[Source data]
□ □ □
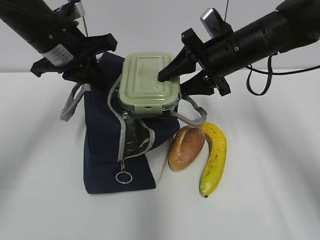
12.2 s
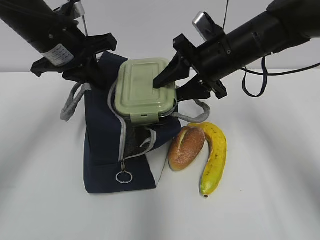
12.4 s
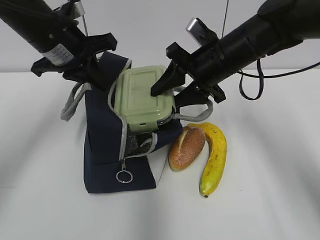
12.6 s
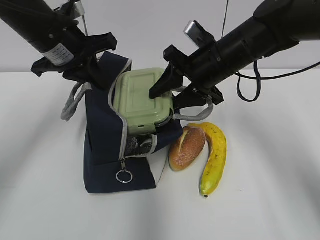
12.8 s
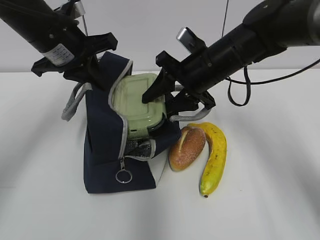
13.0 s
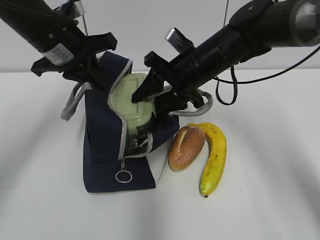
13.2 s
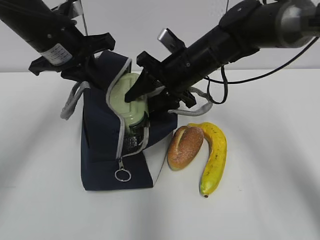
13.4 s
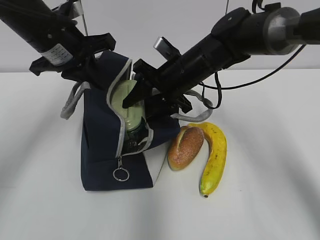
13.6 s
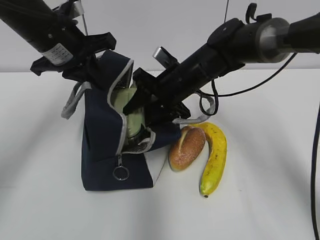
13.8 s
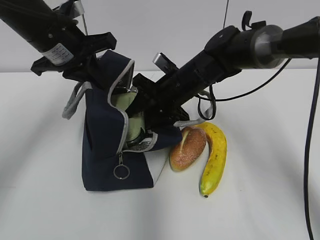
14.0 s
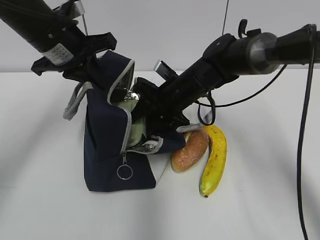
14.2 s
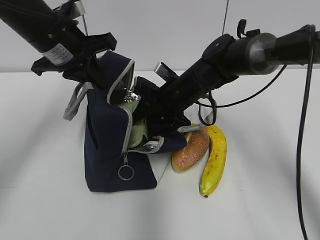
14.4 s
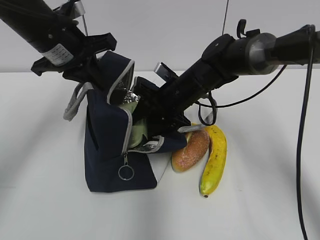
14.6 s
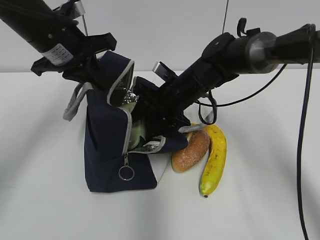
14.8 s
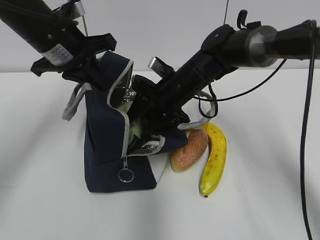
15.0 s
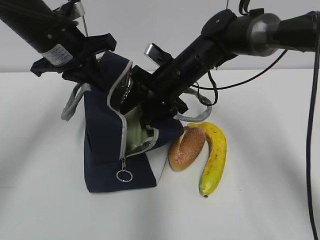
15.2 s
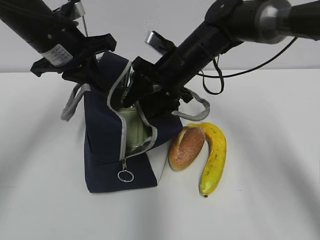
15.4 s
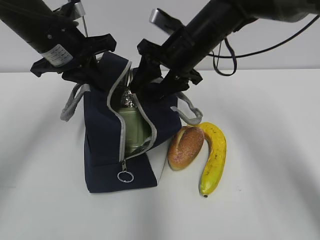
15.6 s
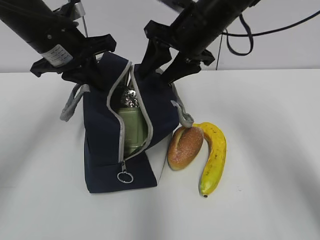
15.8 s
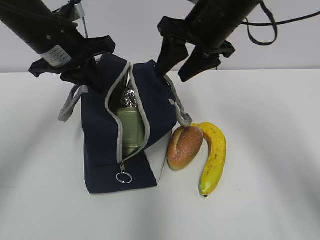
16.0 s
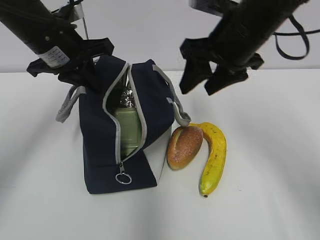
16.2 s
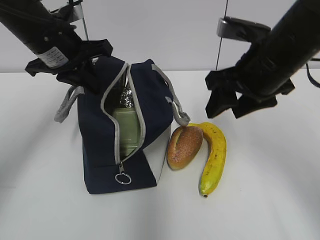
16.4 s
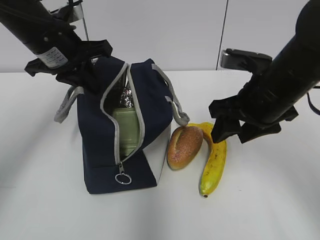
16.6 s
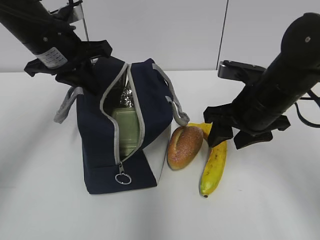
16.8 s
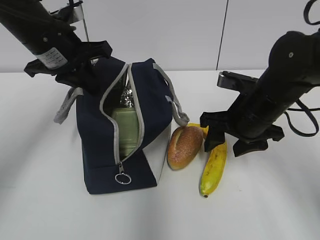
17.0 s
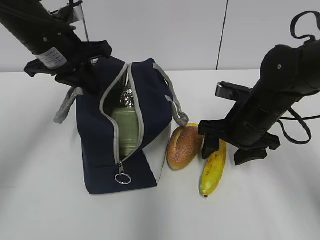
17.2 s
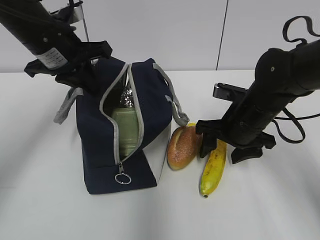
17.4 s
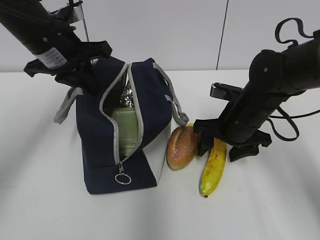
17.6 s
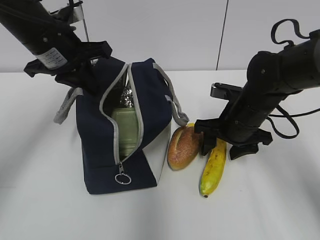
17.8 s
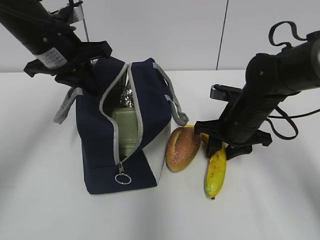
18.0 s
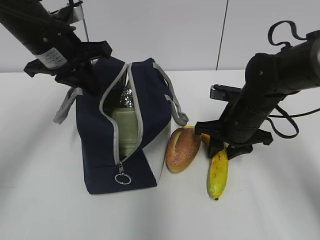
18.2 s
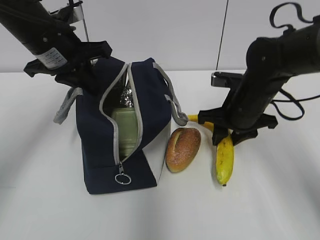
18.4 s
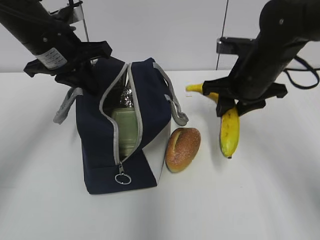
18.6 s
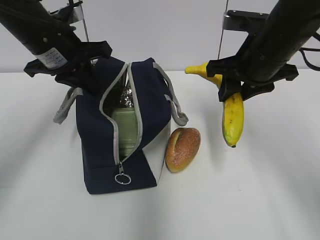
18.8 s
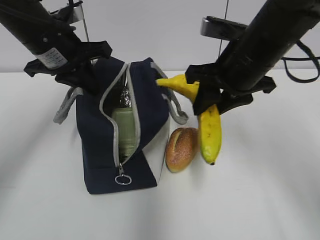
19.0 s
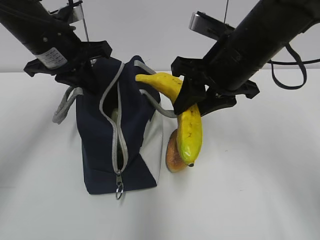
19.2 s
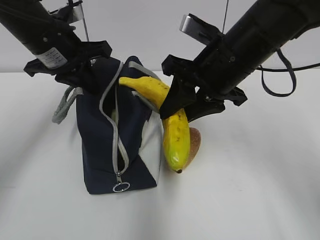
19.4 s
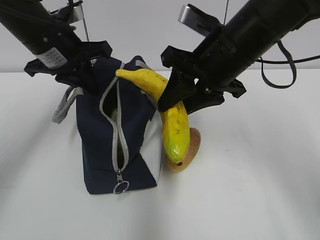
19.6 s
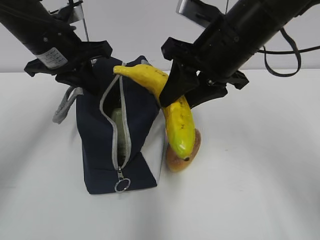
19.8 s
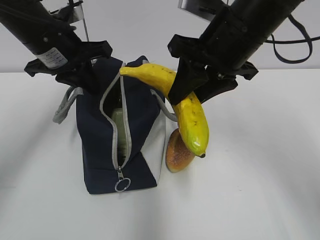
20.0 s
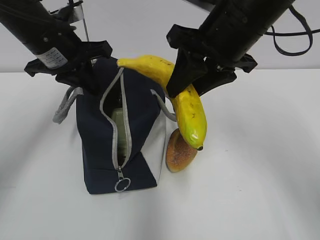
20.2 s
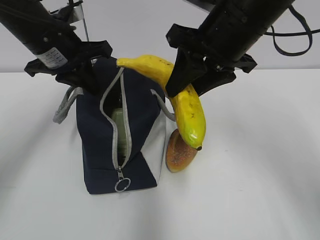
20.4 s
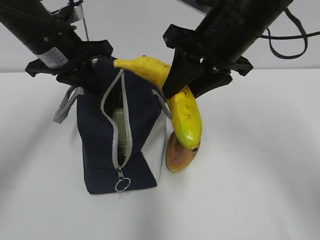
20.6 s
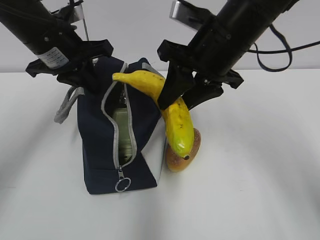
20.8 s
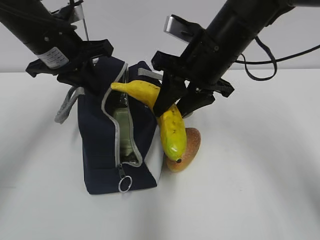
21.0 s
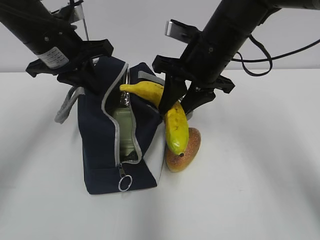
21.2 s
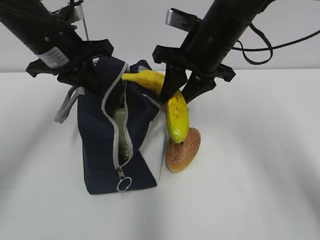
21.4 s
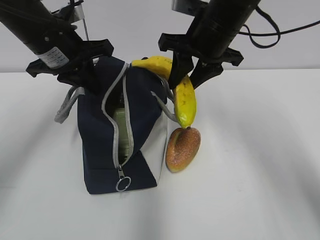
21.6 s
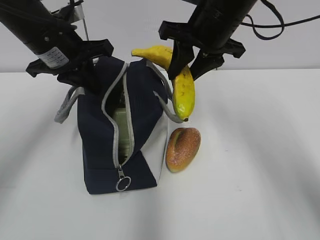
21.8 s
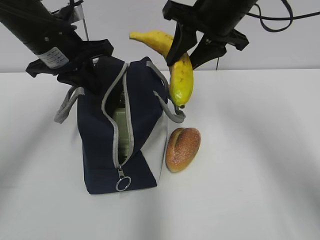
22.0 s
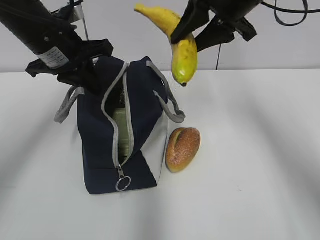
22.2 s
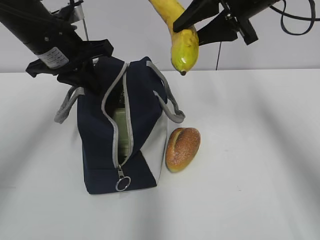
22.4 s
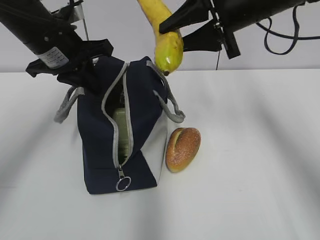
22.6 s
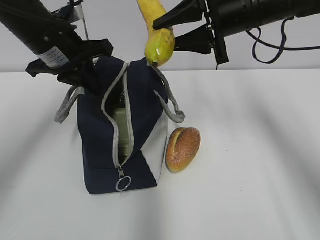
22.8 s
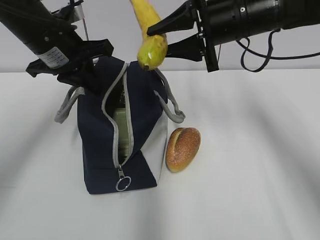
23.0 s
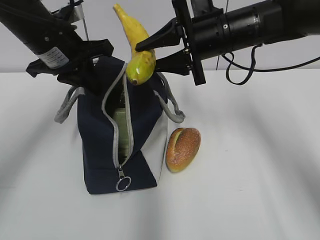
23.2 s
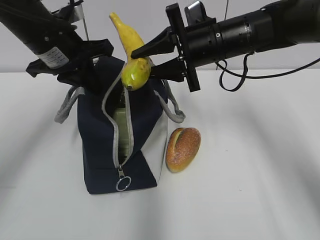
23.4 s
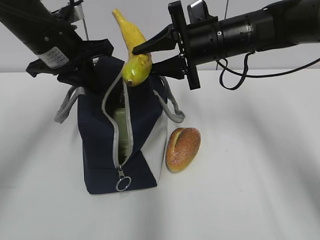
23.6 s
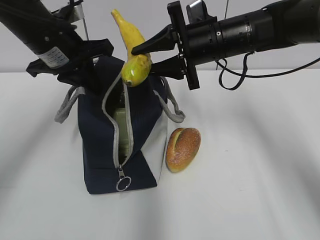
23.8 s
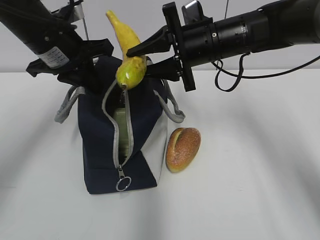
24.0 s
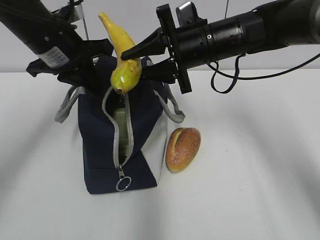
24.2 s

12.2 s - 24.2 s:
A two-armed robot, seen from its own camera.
Step, 12.2 s - 15.0 s: Place it into the bag with your right hand.
Step, 15.2 s - 18.0 s: Grab the banana with your right hand.
12.2 s - 13.8 s: The right gripper moves to the left and downward, roughly 10 cm.
13.8 s - 15.2 s: There are only small adjustments of the grippers.
15.2 s - 16.6 s: The right gripper goes roughly 15 cm backward and to the right.
16.6 s - 18.2 s: The right gripper travels downward and forward by roughly 10 cm.
18.2 s - 19.8 s: The right gripper shifts approximately 15 cm upward.
19.8 s - 21.2 s: The right gripper moves about 5 cm.
21.2 s - 22.6 s: The right gripper travels upward and to the right by about 10 cm.
22.6 s - 24.2 s: The right gripper shifts some 10 cm downward and to the left.
□ □ □
▶ **YOUR GOAL**
Drop the pictures and copy the data exactly.

▶ **TASK SOLUTION**
12.2 s
12.4 s
12.6 s
12.8 s
13.0 s
13.2 s
13.4 s
13.6 s
13.8 s
14.0 s
14.2 s
14.4 s
14.6 s
14.8 s
15.0 s
15.2 s
15.4 s
15.6 s
15.8 s
16.0 s
16.2 s
16.4 s
16.6 s
16.8 s
17.0 s
17.2 s
17.4 s
17.6 s
17.8 s
18.0 s
18.2 s
18.4 s
18.6 s
18.8 s
19.0 s
19.2 s
19.4 s
19.6 s
19.8 s
20.0 s
20.2 s
20.4 s
20.6 s
20.8 s
21.0 s
21.2 s
21.4 s
21.6 s
21.8 s
22.0 s
22.2 s
22.4 s
22.6 s
22.8 s
23.0 s
23.2 s
23.4 s
23.6 s
23.8 s
24.0 s
24.2 s

12.2 s - 24.2 s:
A two-armed robot, seen from its own camera.
Step, 12.2 s - 15.0 s: Place it into the bag with your right hand.
Step, 15.2 s - 18.0 s: Grab the banana with your right hand.
12.2 s - 13.8 s: The right gripper moves to the left and downward, roughly 10 cm.
13.8 s - 15.2 s: There are only small adjustments of the grippers.
15.2 s - 16.6 s: The right gripper goes roughly 15 cm backward and to the right.
16.6 s - 18.2 s: The right gripper travels downward and forward by roughly 10 cm.
18.2 s - 19.8 s: The right gripper shifts approximately 15 cm upward.
19.8 s - 21.2 s: The right gripper moves about 5 cm.
21.2 s - 22.6 s: The right gripper travels upward and to the right by about 10 cm.
22.6 s - 24.2 s: The right gripper shifts some 10 cm downward and to the left.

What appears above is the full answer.